Britain's Supreme Court will rule on Tuesday whether Prime Minister Boris Johnson acted unlawfully in suspending parliament, in a seismic case that could have profound implications for Brexit and the country's constitutional foundations.
If the verdict goes against Johnson, it could see parliament rapidly reassemble and would inevitably trigger questions about his position, having unlawfully advised Queen Elizabeth II to suspend parliament.
It would be the latest hammer blow to his plans for taking Britain out of the European Union on October 31, and pile huge pressure on his minority government.
It would also raise questions about whether he could hold out as premier long enough to face a general election, which recent polls suggest he could win with a large majority.
His setbacks in parliament and the courts have so far only increased his polling numbers, burnishing his reputation among those who voted to leave the EU, but his popularity could dwindle if he is blamed for dragging the Queen into the fray.
Whatever the decision, it is likely to provoke frenzied reaction, stoking up tensions in an already divided country.
Johnson, who took office on July 24, insists suspending parliament was a routine and long-overdue move to launch a fresh legislative programme.
He also told Sky News on Monday that MPs will still have "ample opportunity to debate Brexit".
His opponents claim he did so to silence opposition to his plans to take Britain out of the EU, with or without a divorce deal with Brussels.
A ruling against the government would also throw a grenade into the country's opaque constitutional framework, representing a foray by the judiciary into the political arena.
Johnson was called the "father of lies" and accused of destroying parliamentary democracy during last week's three-day hearing, which heard two conflicting appeals against lower court decisions on the prorogation move.
Scotland's highest civil court found the suspension was unlawful, but the High Court in England said it was not a matter for judges.
The Supreme Court must therefore decide whether it even has the power to rule on such a case, before coming to any decision on the legality of the move.
David Pannick, representing campaigners appealing against the High Court ruling, argued that judges had the right to decide the proper scope of the prime minister's power to advise the head of state on shuttering parliament.
"This five-week prorogation has prevented parliament from carrying out its scrutiny functions over the executive over a period of exceptional length... for no rational reason," he said.
But Advocate General Richard Keen, the British government's top Scottish legal advisor, said it would see the courts straying into an "ill-defined minefield".
"This is forbidden territory. It is a matter between the executive and parliament."
The 11 judges each express their own view, and have broadly five options.
They could decide it is not a matter for the courts, or decide it is within their scope but that Johnson acted lawfully.
They could rule that he acted unlawfully, but that the period of prorogation was not in itself unreasonable, meaning Johnson could decide to prorogue again in a lawful manner.

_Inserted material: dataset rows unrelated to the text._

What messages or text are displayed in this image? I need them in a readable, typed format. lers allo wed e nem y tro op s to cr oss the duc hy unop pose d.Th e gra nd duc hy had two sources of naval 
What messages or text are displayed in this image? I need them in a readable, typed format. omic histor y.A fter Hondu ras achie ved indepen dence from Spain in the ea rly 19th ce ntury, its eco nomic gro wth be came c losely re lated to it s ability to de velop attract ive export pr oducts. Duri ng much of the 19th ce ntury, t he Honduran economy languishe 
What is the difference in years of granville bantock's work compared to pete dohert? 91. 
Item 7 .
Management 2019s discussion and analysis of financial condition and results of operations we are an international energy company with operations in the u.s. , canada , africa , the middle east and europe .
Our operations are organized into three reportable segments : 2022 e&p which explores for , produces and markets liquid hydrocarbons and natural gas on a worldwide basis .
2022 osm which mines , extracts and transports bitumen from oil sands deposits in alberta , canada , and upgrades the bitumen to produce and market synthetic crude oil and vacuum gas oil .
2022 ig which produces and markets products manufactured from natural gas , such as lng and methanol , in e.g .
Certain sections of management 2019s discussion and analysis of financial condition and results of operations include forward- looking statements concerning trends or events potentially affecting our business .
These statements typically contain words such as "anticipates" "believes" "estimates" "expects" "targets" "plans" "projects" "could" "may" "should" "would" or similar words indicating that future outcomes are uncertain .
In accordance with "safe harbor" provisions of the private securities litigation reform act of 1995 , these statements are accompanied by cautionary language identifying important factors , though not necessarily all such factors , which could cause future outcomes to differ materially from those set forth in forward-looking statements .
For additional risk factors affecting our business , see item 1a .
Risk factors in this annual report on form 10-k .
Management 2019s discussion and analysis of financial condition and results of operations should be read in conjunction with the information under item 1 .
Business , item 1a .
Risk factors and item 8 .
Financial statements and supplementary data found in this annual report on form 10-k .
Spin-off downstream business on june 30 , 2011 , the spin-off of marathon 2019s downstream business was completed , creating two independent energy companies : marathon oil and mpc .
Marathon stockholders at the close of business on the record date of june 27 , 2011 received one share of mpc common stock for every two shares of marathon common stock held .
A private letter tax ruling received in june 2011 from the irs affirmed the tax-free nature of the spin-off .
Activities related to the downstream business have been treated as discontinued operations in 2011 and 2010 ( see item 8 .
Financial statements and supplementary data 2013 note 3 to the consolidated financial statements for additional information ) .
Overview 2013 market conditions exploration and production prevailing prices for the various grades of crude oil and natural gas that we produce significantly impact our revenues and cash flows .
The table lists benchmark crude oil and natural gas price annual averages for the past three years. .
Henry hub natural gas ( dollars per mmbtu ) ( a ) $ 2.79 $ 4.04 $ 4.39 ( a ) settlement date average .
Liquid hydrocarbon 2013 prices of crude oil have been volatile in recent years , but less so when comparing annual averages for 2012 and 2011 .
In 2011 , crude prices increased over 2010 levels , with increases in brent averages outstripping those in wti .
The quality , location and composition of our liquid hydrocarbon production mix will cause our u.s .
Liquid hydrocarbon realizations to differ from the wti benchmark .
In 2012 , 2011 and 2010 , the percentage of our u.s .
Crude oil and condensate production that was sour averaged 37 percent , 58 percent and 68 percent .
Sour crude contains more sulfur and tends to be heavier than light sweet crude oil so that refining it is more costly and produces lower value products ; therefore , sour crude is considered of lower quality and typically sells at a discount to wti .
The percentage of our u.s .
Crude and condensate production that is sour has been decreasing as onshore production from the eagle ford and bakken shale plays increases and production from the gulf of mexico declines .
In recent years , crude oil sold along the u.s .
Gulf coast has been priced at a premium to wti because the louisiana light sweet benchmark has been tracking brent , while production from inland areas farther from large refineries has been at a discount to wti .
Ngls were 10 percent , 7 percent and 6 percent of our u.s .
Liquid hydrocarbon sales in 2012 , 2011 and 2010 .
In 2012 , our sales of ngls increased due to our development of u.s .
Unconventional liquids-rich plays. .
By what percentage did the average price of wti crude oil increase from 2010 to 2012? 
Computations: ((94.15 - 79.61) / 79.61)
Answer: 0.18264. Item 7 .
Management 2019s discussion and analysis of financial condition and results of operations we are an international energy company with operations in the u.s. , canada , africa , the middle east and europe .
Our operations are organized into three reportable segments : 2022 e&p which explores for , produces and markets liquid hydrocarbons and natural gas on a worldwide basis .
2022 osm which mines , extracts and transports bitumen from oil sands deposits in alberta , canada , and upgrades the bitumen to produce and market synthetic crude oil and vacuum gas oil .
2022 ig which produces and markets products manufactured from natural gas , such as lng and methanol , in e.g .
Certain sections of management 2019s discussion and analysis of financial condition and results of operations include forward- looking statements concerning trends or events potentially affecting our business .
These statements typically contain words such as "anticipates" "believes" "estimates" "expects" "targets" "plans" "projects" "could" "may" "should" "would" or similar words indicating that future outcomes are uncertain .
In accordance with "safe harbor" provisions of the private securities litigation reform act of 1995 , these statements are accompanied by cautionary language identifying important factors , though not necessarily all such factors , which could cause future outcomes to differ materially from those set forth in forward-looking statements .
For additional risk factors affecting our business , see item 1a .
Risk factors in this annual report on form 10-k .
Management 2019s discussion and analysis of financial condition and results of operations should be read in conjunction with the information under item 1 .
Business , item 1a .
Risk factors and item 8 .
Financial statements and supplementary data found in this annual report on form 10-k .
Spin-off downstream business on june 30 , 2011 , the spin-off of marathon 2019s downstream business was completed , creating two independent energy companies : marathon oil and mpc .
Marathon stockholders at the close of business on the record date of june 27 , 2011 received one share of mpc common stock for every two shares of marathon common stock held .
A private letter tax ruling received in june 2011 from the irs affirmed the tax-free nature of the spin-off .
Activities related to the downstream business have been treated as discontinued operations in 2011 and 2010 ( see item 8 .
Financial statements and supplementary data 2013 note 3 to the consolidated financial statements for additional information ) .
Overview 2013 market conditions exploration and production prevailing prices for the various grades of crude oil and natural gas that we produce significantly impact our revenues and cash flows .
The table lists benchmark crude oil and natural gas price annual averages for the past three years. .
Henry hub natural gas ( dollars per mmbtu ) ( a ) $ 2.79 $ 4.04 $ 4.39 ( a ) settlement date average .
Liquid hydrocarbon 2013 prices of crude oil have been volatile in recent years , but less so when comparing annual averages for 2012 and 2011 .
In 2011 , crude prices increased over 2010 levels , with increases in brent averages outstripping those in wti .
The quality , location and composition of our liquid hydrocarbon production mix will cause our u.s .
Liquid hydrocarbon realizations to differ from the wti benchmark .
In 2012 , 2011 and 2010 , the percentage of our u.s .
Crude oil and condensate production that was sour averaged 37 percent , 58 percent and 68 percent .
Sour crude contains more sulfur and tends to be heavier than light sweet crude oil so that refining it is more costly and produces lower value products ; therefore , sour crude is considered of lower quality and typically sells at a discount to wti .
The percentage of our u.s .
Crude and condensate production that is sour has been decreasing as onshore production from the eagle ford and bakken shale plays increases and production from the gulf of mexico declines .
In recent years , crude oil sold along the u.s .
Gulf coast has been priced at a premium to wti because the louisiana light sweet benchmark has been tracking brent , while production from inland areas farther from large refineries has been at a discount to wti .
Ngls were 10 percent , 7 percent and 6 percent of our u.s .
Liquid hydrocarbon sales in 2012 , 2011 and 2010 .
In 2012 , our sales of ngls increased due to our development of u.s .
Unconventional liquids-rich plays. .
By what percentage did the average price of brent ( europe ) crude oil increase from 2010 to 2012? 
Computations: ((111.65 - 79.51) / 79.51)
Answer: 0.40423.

If they find he acted unlawfully and that he suspended parliament for an unreasonably long time, he will be obliged to recall parliament.
The court could also decide that because the prorogation was not lawful, it never really happened, meaning parliament remains in session.
"It would be ruling on the basis of general principle, and the general principle is that the government is accountable to parliament," professor Robert Hazell, from University College London's Constitution Unit, told AFP.
But even more consequential than the actual prorogation ruling will be the court's decision on whether political disputes such as this fall within its scope, he added.
If the judges decide they do, it would represent a "big step" in Britain moving away from a "political constitution" towards a "more tightly-regulated legal constitution."
"This is going to be the biggest constitutional case, certainly of the decade, and possibly of the century," he said.